Всего четыре дня отсутствовала его ненаглядная, передвигаясь со студенческой бригадой художественной самодеятельности из деревни в деревню, песней и танцем прославляя сталинскую Конституцию, а товарищ Шахов тосковал, словно не виделся с Анютой по крайней мере полгода. Другой на его месте тут же нашел бы замену, но Александр Кириллович был однолюбом и о замене не помышлял. Все эти дни он мучительно раздумывал, как вести себя в отношениях с девушкой. Законная супруга, находящаяся в данный момент в городе Курске у своей мамы, бомбардировала его телефонными звонками, письмами и телеграммами. Казалось, она стремилась сообщать мужу о каждом своем шаге, а скорее всего просто напоминала о себе. Мол, чтим и любим, хотя и находимся далече. Однако послания супруги не достигали нужного эффекта, напротив, раздражали нашего героя, более того, снижали некое чувство вины, которое все-таки присутствовало. «Если бы эта дуреха не потащилась к мамочке, – размышлял Шахов, – то вряд ли бы у меня возник интерес к Анюте».
Однако чекист кривил душой.
Он, не без оснований, опасался, что Анюта в одночасье покинет его, выйдет, скажем, замуж за того же американца или еще за какого-нибудь олуха. Помешать этому он не в силах. Конечно, можно пригрозить репрессиями. Но он уже использовал подобный вариант, и ничего хорошего не получилось. Более того, он испытал унижение: молодой красивый мужчина использует служебное положение, чтобы затащить в постель ветреную девицу. (Почему-то Шахов прилепил к своей возлюбленной именно это попахивающее нафталином определение.) Терять Анюту определенно не хотелось.

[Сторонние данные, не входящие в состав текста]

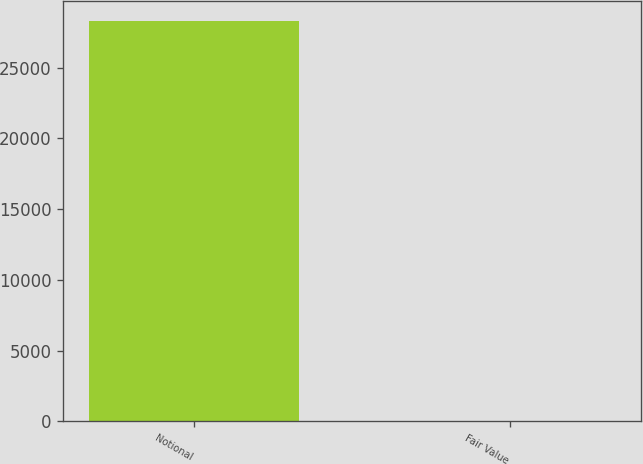<chart> <loc_0><loc_0><loc_500><loc_500><bar_chart><fcel>Notional<fcel>Fair Value<nl><fcel>28327<fcel>3<nl></chart> 
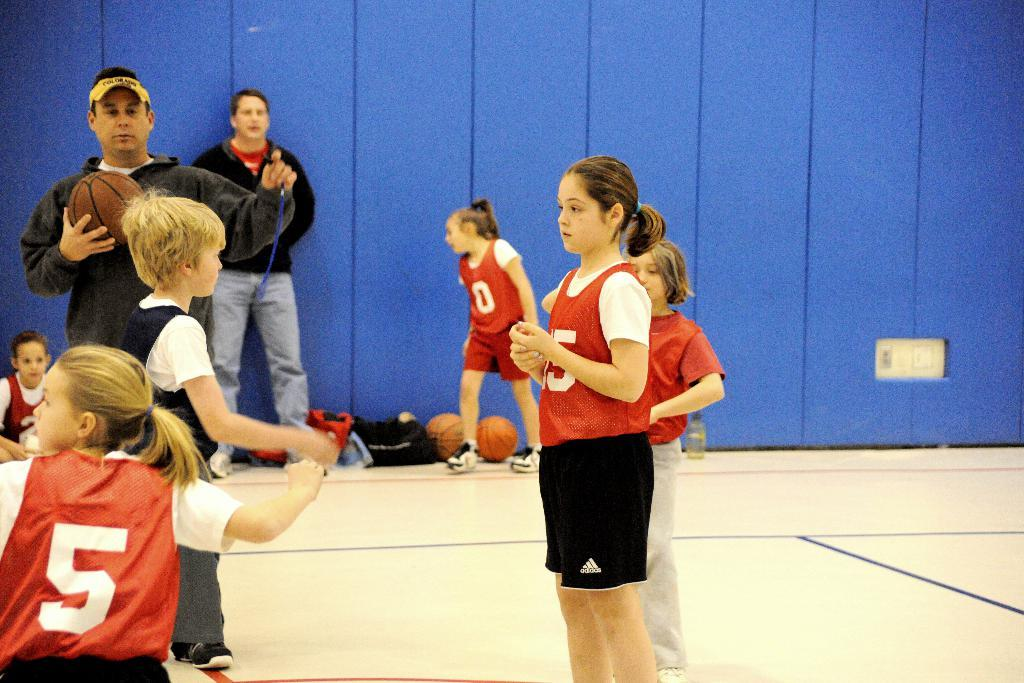Who is present in the image? There are children and men in the image. What are the children and men doing in the image? They are standing on the floor. What items can be seen with the children and men? Backpacks, sports balls, and water bottles are visible in the image. What type of rose can be seen in the hands of the children in the image? There are no roses present in the image; only children, men, backpacks, sports balls, and water bottles are visible. 
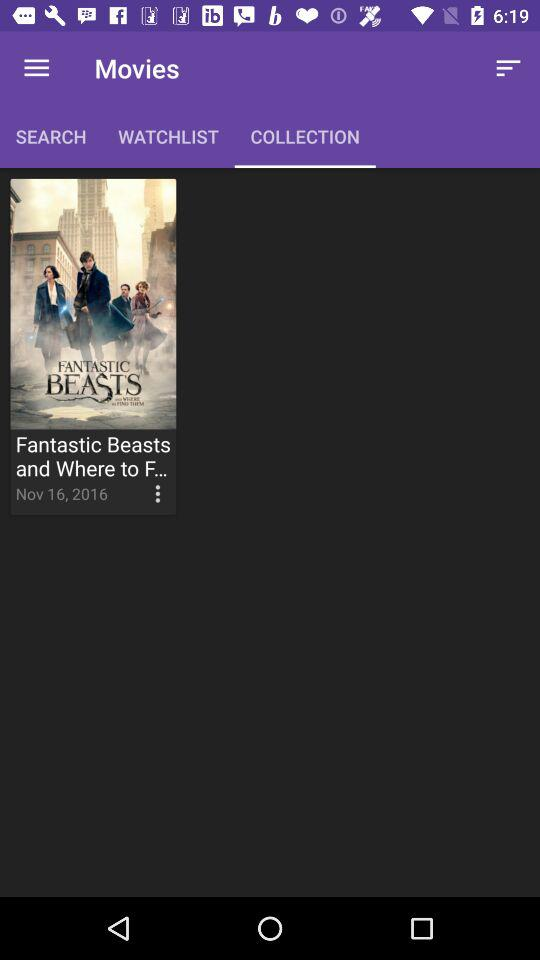What is the date given for the movie from the collection list? The date given is November 16, 2016. 
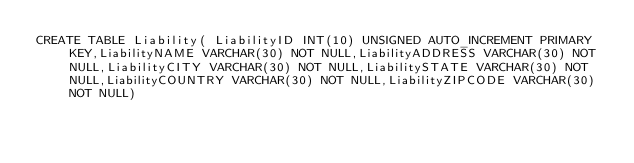Convert code to text. <code><loc_0><loc_0><loc_500><loc_500><_SQL_>CREATE TABLE Liability( LiabilityID INT(10) UNSIGNED AUTO_INCREMENT PRIMARY KEY,LiabilityNAME VARCHAR(30) NOT NULL,LiabilityADDRESS VARCHAR(30) NOT NULL,LiabilityCITY VARCHAR(30) NOT NULL,LiabilitySTATE VARCHAR(30) NOT NULL,LiabilityCOUNTRY VARCHAR(30) NOT NULL,LiabilityZIPCODE VARCHAR(30) NOT NULL)

</code>

В воображении Шахова возникли груди – два маленьких упругих воздушных шарика, тонкая талия танцовщицы, стройные ноги с узкими лодыжками… Хороша девка, ничего не скажешь! Он тут же вспомнил свою плоскогрудую, плоскозадую, рыжеволосую супругу, ее манерные, насквозь фальшивые речи о духовном единении, о нравственной гармонии, которая превыше низменных плотских утех. Вообще, физическая близость воспринималась женой Шахова как нечто вроде трудовой повинности: малоприятная, но неизбежная обязанность, с которой тем не менее нужно смириться. Даже в первые годы супружества мадам Шахова особого пыла не демонстрировала, хотя замуж вышла уже не девушкой. В чем тут причина, Шахов так и не смог разобраться. Обычно ответом на скользкие вопросы становились жалобы на женские недомогания и слезы. В худшем же случае в ход шли обвинения в невозможности понять тонкую чувствительную натуру, а также в неумении или нежелании обуздывать животную похоть. И Шахов, интеллигентный человек, винил в отсутствии нормальной интимной жизни только себя.